■ Activity: All of the entries must be reproduced exactly, with no images carried over.

Start of Data supplied

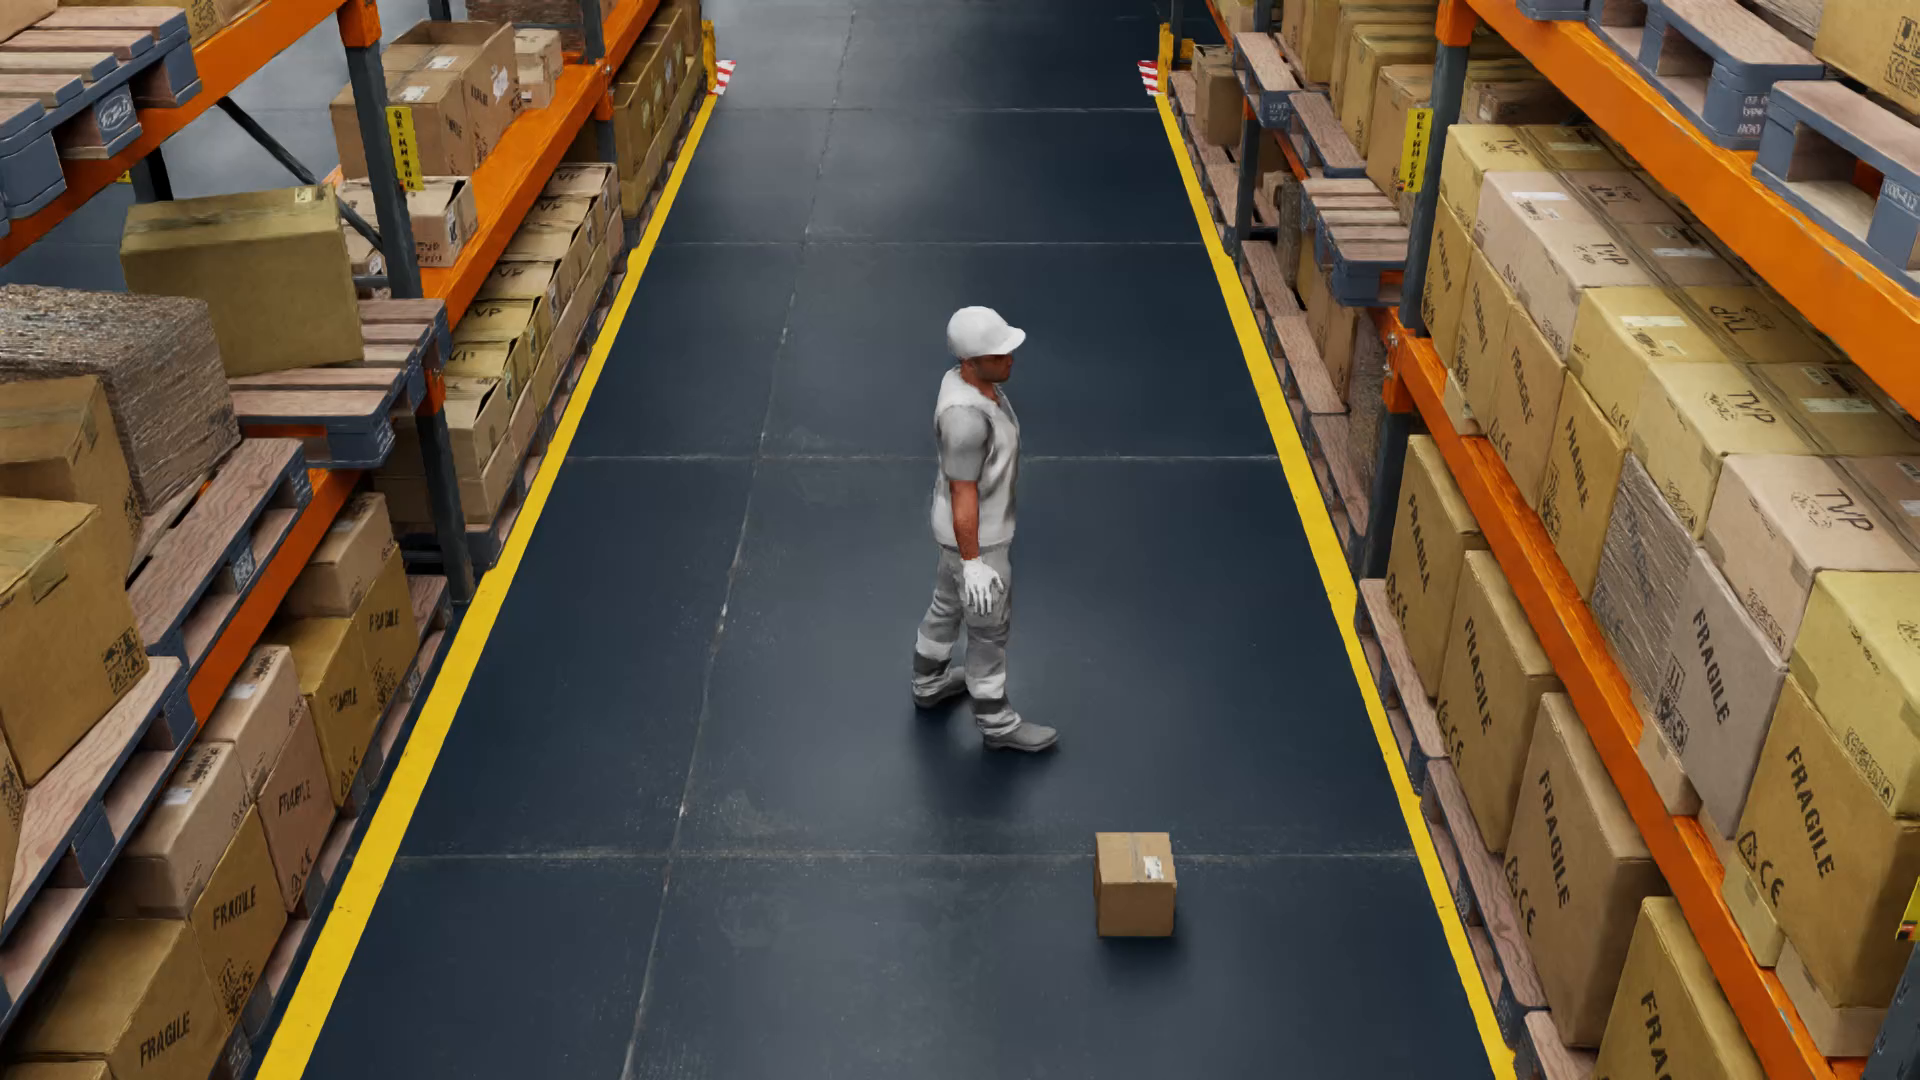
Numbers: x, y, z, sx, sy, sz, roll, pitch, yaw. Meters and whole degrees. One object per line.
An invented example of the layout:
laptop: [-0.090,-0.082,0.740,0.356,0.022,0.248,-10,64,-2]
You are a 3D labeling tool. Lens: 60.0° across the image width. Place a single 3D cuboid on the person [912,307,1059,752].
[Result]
person: [0.096,-0.019,6.117,0.583,1.792,0.721,1,31,1]

End of Data supplied

■ Expected answer:
Numbers: x, y, z, sx, sy, sz, roll, pitch, yaw. Meters and whole degrees. One object per line.
An invented example of the layout:
laptop: [-0.090,-0.082,0.740,0.356,0.022,0.248,-10,64,-2]
You are a 3D labeling tool. Lens: 60.0° across the image width. Place a single 3D cuboid on the person [912,307,1059,752].
[Result]
person: [0.096,-0.019,6.117,0.583,1.792,0.721,1,31,1]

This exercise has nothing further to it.